▶ [WORK TO COMPLETE] The records are to be copied word for word, and the pictures dropped.

[RECORDS FOR THIS TASK — start]

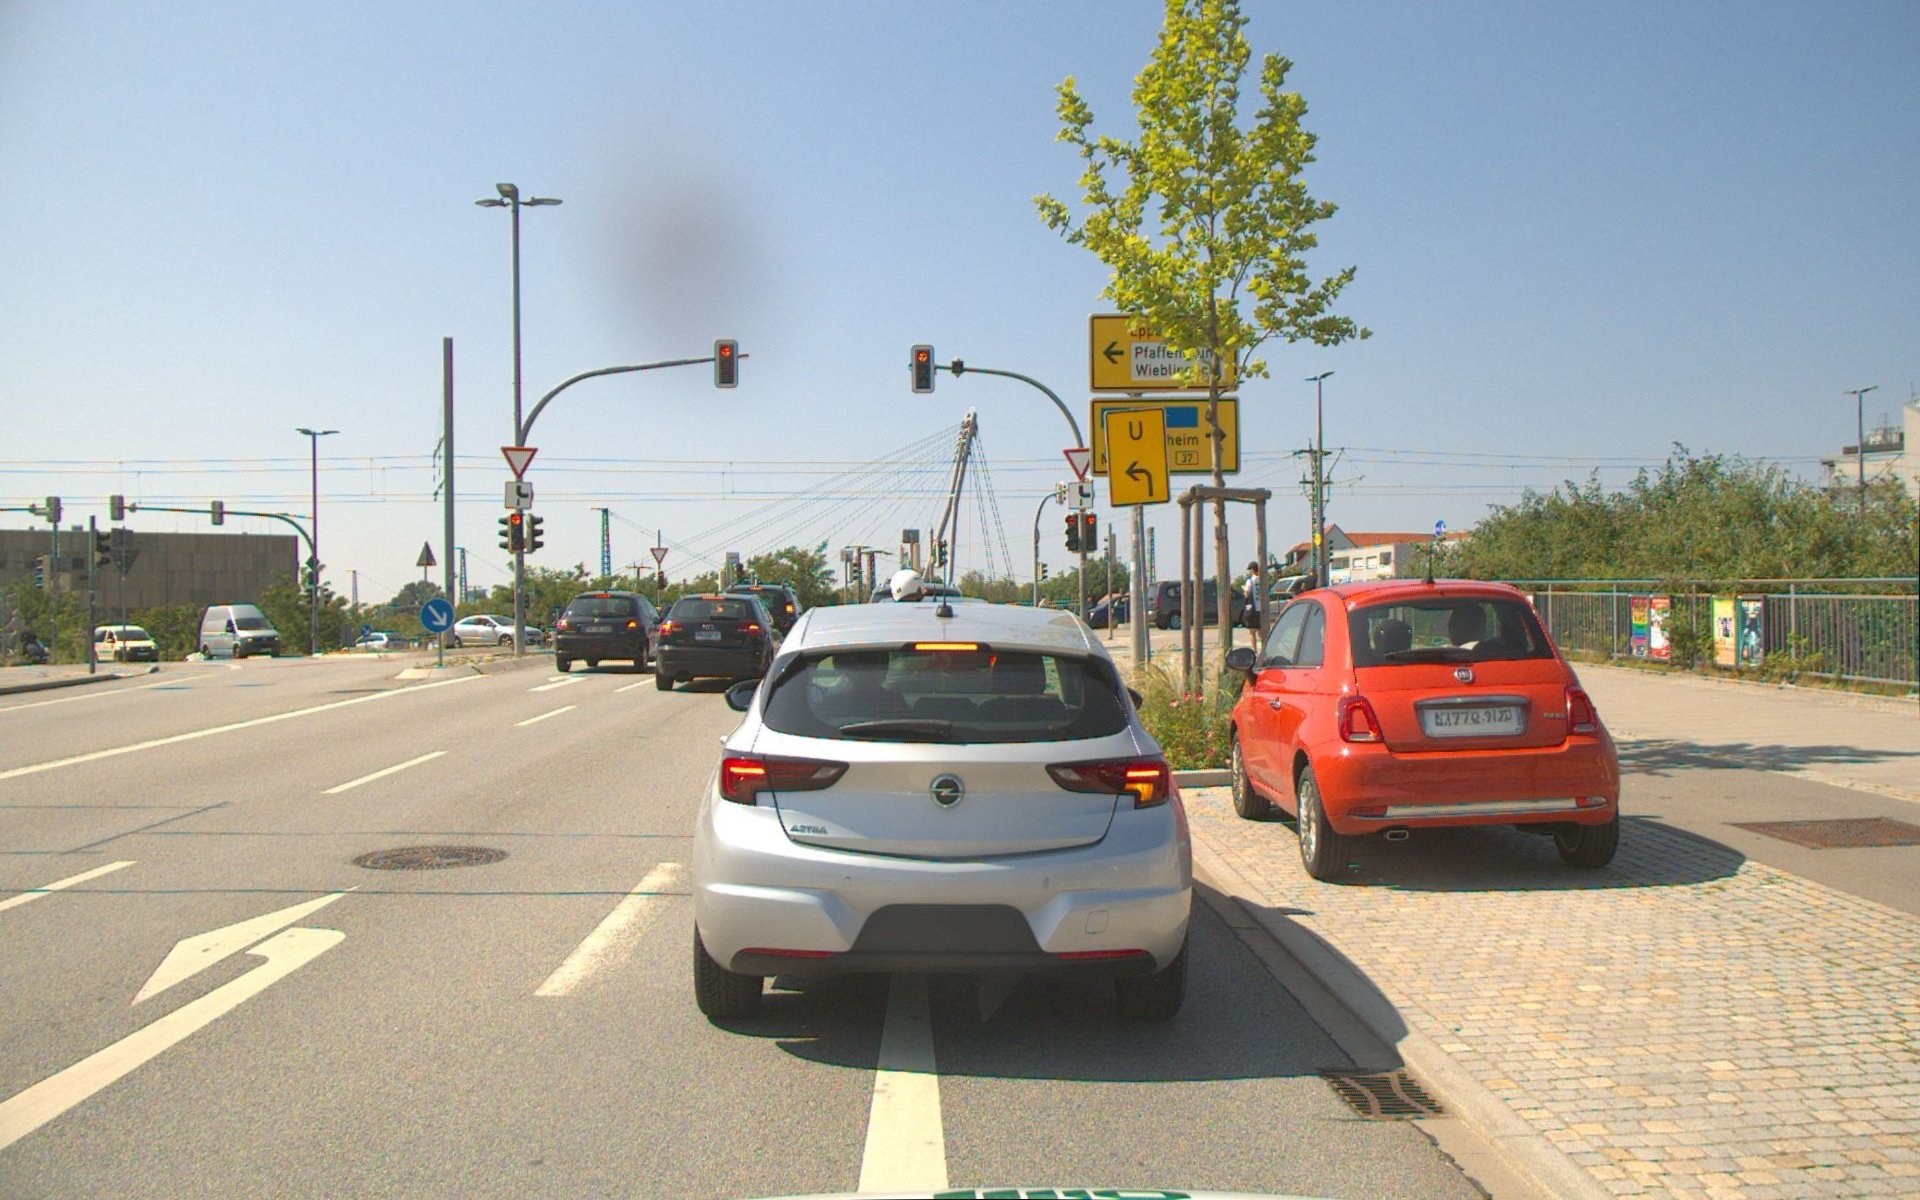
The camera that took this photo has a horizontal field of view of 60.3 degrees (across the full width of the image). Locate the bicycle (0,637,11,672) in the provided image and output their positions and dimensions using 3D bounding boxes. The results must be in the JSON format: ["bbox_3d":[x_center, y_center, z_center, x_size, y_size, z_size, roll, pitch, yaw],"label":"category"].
[{"bbox_3d":[-33.659,1.919,56.582,2.474,1.154,0.728,-4,-2,25],"label":"bicycle"}]

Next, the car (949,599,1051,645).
[{"bbox_3d":[1.514,0.848,63.484,3.769,1.713,1.663,1,-1,-5],"label":"car"}]

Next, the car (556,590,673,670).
[{"bbox_3d":[-6.384,0.548,30.855,1.555,1.419,3.338,0,-1,-1],"label":"car"}]

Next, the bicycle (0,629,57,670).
[{"bbox_3d":[-28.132,1.461,49.354,2.308,1.147,0.677,1,-1,19],"label":"bicycle"}]

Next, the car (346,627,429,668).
[{"bbox_3d":[-29.719,2.457,85.876,3.912,2.049,1.996,0,-1,30],"label":"car"}]

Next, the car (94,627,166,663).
[{"bbox_3d":[-38.069,2.035,75.871,3.430,1.550,1.632,1,-1,38],"label":"car"}]

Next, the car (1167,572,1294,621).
[{"bbox_3d":[10.567,-0.122,64.697,4.469,1.815,1.993,1,-1,-13],"label":"car"}]

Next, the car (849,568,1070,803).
[{"bbox_3d":[-0.051,0.658,14.155,1.602,1.703,3.743,1,-1,-2],"label":"car"}]

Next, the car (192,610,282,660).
[{"bbox_3d":[-32.850,1.560,75.109,4.749,2.156,1.788,1,-1,40],"label":"car"}]

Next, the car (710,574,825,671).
[{"bbox_3d":[-3.610,0.434,31.657,1.767,1.650,3.915,-3,-1,-2],"label":"car"}]

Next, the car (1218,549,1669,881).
[{"bbox_3d":[2.667,0.584,10.056,1.635,1.567,3.917,-2,-1,1],"label":"car"}]

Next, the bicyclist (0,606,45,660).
[{"bbox_3d":[-28.060,0.984,49.392,0.926,1.596,0.823,1,-1,20],"label":"bicyclist"}]

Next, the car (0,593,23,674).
[{"bbox_3d":[-25.562,0.847,43.352,1.652,2.049,3.961,2,-1,-29],"label":"car"}]

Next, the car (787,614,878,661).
[{"bbox_3d":[-5.830,1.693,76.103,3.903,2.049,2.001,1,-1,3],"label":"car"}]

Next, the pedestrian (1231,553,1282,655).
[{"bbox_3d":[5.542,0.074,30.963,0.743,1.862,0.884,1,-1,-1],"label":"pedestrian"}]

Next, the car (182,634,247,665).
[{"bbox_3d":[-44.277,2.927,98.238,4.129,1.674,1.824,1,-1,39],"label":"car"}]

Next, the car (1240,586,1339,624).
[{"bbox_3d":[15.525,0.257,77.966,4.180,1.703,1.990,1,-1,-18],"label":"car"}]

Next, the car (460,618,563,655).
[{"bbox_3d":[-17.665,1.434,65.195,3.629,1.356,1.770,1,-1,25],"label":"car"}]

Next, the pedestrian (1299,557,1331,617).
[{"bbox_3d":[11.273,-0.408,52.499,0.741,1.896,0.737,0,-1,44],"label":"pedestrian"}]

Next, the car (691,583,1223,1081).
[{"bbox_3d":[-0.056,0.731,7.309,1.656,1.546,4.269,0,0,-1],"label":"car"}]

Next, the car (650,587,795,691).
[{"bbox_3d":[-3.588,0.577,25.645,1.671,1.437,3.999,2,-1,-1],"label":"car"}]

[RECORDS FOR THIS TASK — finish]

▶ [EXPECTED ANSWER]
The camera that took this photo has a horizontal field of view of 60.3 degrees (across the full width of the image). Locate the bicycle (0,637,11,672) in the provided image and output their positions and dimensions using 3D bounding boxes. The results must be in the JSON format: ["bbox_3d":[x_center, y_center, z_center, x_size, y_size, z_size, roll, pitch, yaw],"label":"category"].
[{"bbox_3d":[-33.659,1.919,56.582,2.474,1.154,0.728,-4,-2,25],"label":"bicycle"}]

Next, the car (949,599,1051,645).
[{"bbox_3d":[1.514,0.848,63.484,3.769,1.713,1.663,1,-1,-5],"label":"car"}]

Next, the car (556,590,673,670).
[{"bbox_3d":[-6.384,0.548,30.855,1.555,1.419,3.338,0,-1,-1],"label":"car"}]

Next, the bicycle (0,629,57,670).
[{"bbox_3d":[-28.132,1.461,49.354,2.308,1.147,0.677,1,-1,19],"label":"bicycle"}]

Next, the car (346,627,429,668).
[{"bbox_3d":[-29.719,2.457,85.876,3.912,2.049,1.996,0,-1,30],"label":"car"}]

Next, the car (94,627,166,663).
[{"bbox_3d":[-38.069,2.035,75.871,3.430,1.550,1.632,1,-1,38],"label":"car"}]

Next, the car (1167,572,1294,621).
[{"bbox_3d":[10.567,-0.122,64.697,4.469,1.815,1.993,1,-1,-13],"label":"car"}]

Next, the car (849,568,1070,803).
[{"bbox_3d":[-0.051,0.658,14.155,1.602,1.703,3.743,1,-1,-2],"label":"car"}]

Next, the car (192,610,282,660).
[{"bbox_3d":[-32.850,1.560,75.109,4.749,2.156,1.788,1,-1,40],"label":"car"}]

Next, the car (710,574,825,671).
[{"bbox_3d":[-3.610,0.434,31.657,1.767,1.650,3.915,-3,-1,-2],"label":"car"}]

Next, the car (1218,549,1669,881).
[{"bbox_3d":[2.667,0.584,10.056,1.635,1.567,3.917,-2,-1,1],"label":"car"}]

Next, the bicyclist (0,606,45,660).
[{"bbox_3d":[-28.060,0.984,49.392,0.926,1.596,0.823,1,-1,20],"label":"bicyclist"}]

Next, the car (0,593,23,674).
[{"bbox_3d":[-25.562,0.847,43.352,1.652,2.049,3.961,2,-1,-29],"label":"car"}]

Next, the car (787,614,878,661).
[{"bbox_3d":[-5.830,1.693,76.103,3.903,2.049,2.001,1,-1,3],"label":"car"}]

Next, the pedestrian (1231,553,1282,655).
[{"bbox_3d":[5.542,0.074,30.963,0.743,1.862,0.884,1,-1,-1],"label":"pedestrian"}]

Next, the car (182,634,247,665).
[{"bbox_3d":[-44.277,2.927,98.238,4.129,1.674,1.824,1,-1,39],"label":"car"}]

Next, the car (1240,586,1339,624).
[{"bbox_3d":[15.525,0.257,77.966,4.180,1.703,1.990,1,-1,-18],"label":"car"}]

Next, the car (460,618,563,655).
[{"bbox_3d":[-17.665,1.434,65.195,3.629,1.356,1.770,1,-1,25],"label":"car"}]

Next, the pedestrian (1299,557,1331,617).
[{"bbox_3d":[11.273,-0.408,52.499,0.741,1.896,0.737,0,-1,44],"label":"pedestrian"}]

Next, the car (691,583,1223,1081).
[{"bbox_3d":[-0.056,0.731,7.309,1.656,1.546,4.269,0,0,-1],"label":"car"}]

Next, the car (650,587,795,691).
[{"bbox_3d":[-3.588,0.577,25.645,1.671,1.437,3.999,2,-1,-1],"label":"car"}]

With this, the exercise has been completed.